In questo documento viene descritto lo schema XML per il Protocollo Sitemap.

Il formato Protocollo Sitemap è composto da tag XML. Tutti i valori dei dati in una Sitemap devono utilizzare i codici di escape. Il file stesso deve utilizzare la codifica UTF-8.

La Sitemap deve:

Tutti gli altri tag sono facoltativi. Il supporto di questi tag facoltativi varia a seconda del motore di ricerca in uso. Consulta la documentazione di ciascun motore di ricerca per maggiori informazioni.

Inoltre tutti gli URL in una Sitemap devono provenire da un solo host, ad esempio www.esempio.it o store.esempio.it. Per ulteriori informazioni, vedere Percorso del file Sitemap

Sitemap XML di esempio

Di seguito viene riportata una Sitemap di esempio che contiene solo un URL e utilizza tutti tag facoltativi. I tag facoltativi vengono riportati in corsivo.


<?xml version="1.0" encoding="UTF-8"?>

<urlset xmlns="http://www.sitemaps.org/schemas/sitemap/0.9">

   <url>

      <loc>http://www.esempio.it/</loc>

      <lastmod>2005-01-01</lastmod>

      <changefreq>monthly</changefreq>

      <priority>0.8</priority>

   </url>

</urlset> 

Vedi anche l'esempio con più URL.

Definizioni tag XML

I tag XML disponibili vengono descritti di seguito.

Attributo Descrizione
<urlset> obbligatorio

Comprende il file e fa riferimento agli standard del protocollo corrente.

<url> obbligatorio

Tag principale per ogni voce URL. I tag restanti sono secondari di questo tag.

<loc> obbligatorio

URL della pagina. L'URL deve iniziare con il protocollo (ad esempio http) e terminare con una barra finale, se richiesto dal server web. Questo valore deve contenere meno di 2048 caratteri.

<lastmod> facoltativo

Data dell'ultima modifica del file. Questa data dovrebbe avere il formato W3C Datetime, che ti consente di omettere l'ora, se lo desideri, e di utilizzare il formato AAAA-MM-GG.

Questo tag è separato dall'intestazione If-Modified-Since (304) che il server può restituire ed è possibile che i motori di ricerca utilizzino queste informazioni da entrambe le sorgenti in modo differente.

<changefreq> facoltativo

Frequenza con la quale la pagina potrebbe venire modificata. Questo valore fornisce informazioni generiche ai motori di ricerca ed è possibile che non sia esattamente correlato alla frequenza di scansione della pagina.

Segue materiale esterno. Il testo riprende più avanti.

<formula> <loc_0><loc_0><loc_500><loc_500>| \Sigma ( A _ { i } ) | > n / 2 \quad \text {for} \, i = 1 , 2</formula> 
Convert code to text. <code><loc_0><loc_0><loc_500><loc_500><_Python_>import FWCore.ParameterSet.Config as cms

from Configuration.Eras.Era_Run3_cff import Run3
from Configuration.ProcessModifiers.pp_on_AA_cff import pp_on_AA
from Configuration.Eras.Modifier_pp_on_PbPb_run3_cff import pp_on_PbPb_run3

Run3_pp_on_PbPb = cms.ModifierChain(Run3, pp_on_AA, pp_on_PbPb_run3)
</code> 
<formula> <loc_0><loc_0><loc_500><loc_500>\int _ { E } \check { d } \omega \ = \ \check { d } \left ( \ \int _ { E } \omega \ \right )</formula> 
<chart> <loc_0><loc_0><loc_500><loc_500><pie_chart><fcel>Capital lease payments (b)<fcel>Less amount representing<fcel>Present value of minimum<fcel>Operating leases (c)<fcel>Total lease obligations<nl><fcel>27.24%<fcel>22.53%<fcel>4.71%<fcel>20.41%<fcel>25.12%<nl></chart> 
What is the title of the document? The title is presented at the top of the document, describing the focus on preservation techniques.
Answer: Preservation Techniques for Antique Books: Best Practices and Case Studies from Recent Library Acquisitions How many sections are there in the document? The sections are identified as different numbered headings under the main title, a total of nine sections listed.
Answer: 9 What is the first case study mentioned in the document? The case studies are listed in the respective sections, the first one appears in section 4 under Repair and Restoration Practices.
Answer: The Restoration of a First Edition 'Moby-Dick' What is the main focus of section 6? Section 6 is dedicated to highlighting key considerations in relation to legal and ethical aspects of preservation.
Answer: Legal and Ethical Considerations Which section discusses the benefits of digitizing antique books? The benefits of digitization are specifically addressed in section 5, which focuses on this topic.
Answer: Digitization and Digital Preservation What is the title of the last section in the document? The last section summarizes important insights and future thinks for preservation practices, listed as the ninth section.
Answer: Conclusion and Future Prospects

I valori validi sono:

  • always
  • hourly
  • daily
  • weekly
  • monthly
  • yearly
  • never

Il valore "always" deve essere utilizzato per descrivere i documenti che subiscono modifiche ogni volta che vi si accede. Il valore "never" deve essere utilizzato per descrivere gli URL archiviati.

Il valore di questo tag viene considerato un suggerimento e non un comando. Anche se i crawler dei motori di ricerca possono prendere in considerazione questa informazione, è possibile che la scansione di pagine contrassegnate come "hourly" avvenga meno di frequente rispetto alla scansione di pagine contrassegnate come "yearly". È possibile che i crawler eseguano la scansione periodica di pagine contrassegnate come "never", in modo da poter gestire modifiche impreviste apportate a tali pagine.

<priority> facoltativo

La priorità di questo URL rispetto ad altri URL del sito. L'intervallo di valori validi è compreso tra 0,0 e 1,0. Questo valore non influisce sul modo in cui le tue pagine vengono confrontate con le pagine di altri siti, ma ti consente di indicare ai motori di ricerca le pagine che reputi più importanti per i crawler.

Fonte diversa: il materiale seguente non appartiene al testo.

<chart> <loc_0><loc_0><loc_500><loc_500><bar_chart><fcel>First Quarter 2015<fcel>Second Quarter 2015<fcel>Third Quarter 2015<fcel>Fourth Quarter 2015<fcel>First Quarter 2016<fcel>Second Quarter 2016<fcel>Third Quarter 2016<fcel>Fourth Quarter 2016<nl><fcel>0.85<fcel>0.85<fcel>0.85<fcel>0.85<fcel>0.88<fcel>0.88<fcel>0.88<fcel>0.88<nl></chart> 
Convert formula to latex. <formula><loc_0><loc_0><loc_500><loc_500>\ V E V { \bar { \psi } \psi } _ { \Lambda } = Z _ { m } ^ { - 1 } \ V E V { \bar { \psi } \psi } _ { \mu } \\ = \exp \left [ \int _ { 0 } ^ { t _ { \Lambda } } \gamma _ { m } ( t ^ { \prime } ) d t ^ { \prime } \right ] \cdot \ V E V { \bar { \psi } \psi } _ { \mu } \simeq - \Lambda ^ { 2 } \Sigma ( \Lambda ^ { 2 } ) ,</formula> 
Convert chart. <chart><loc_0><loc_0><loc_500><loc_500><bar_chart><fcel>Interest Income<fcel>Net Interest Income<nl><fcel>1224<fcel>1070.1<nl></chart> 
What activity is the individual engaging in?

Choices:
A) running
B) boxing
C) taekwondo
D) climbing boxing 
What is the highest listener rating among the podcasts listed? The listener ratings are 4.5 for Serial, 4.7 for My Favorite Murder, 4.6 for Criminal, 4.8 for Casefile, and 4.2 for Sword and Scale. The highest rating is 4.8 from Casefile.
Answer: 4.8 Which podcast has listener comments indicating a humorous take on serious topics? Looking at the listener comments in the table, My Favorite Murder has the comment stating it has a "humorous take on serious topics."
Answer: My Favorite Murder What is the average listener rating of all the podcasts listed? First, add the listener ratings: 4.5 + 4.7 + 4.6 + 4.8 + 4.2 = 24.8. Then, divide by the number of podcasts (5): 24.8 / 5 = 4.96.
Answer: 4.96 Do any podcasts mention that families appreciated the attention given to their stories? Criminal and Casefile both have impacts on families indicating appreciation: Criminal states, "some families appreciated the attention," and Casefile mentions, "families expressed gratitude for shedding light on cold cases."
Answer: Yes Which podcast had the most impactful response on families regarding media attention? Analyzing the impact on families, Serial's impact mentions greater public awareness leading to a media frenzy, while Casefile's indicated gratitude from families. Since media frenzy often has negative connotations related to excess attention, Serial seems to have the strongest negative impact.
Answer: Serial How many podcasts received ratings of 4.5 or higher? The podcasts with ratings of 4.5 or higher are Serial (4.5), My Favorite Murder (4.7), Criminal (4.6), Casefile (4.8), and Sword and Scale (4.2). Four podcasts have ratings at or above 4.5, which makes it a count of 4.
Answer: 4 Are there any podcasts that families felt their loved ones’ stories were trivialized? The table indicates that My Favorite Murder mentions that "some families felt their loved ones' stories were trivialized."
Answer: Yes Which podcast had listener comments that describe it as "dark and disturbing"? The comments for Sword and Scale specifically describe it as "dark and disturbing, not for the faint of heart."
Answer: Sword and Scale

La priorità predefinita di una pagina è 0,5.

È probabile che la priorità assegnata a una pagina non influisca sulla posizione degli URL nelle pagine dei risultati di un motore di ricerca. I motori di ricerca possono utilizzare queste informazioni al momento della selezione degli URL dello stesso sito; pertanto, puoi utilizzare questo tag per aumentare la probabilità di visualizzazione delle pagine più importanti nell'indice di ricerca.

Inoltre, è probabile che l'assegnazione di un'alta priorità a tutti gli URL del tuo sito non sia di aiuto. Poiché la priorità è relativa, essa viene utilizzata solo per selezionare gli URL del tuo sito.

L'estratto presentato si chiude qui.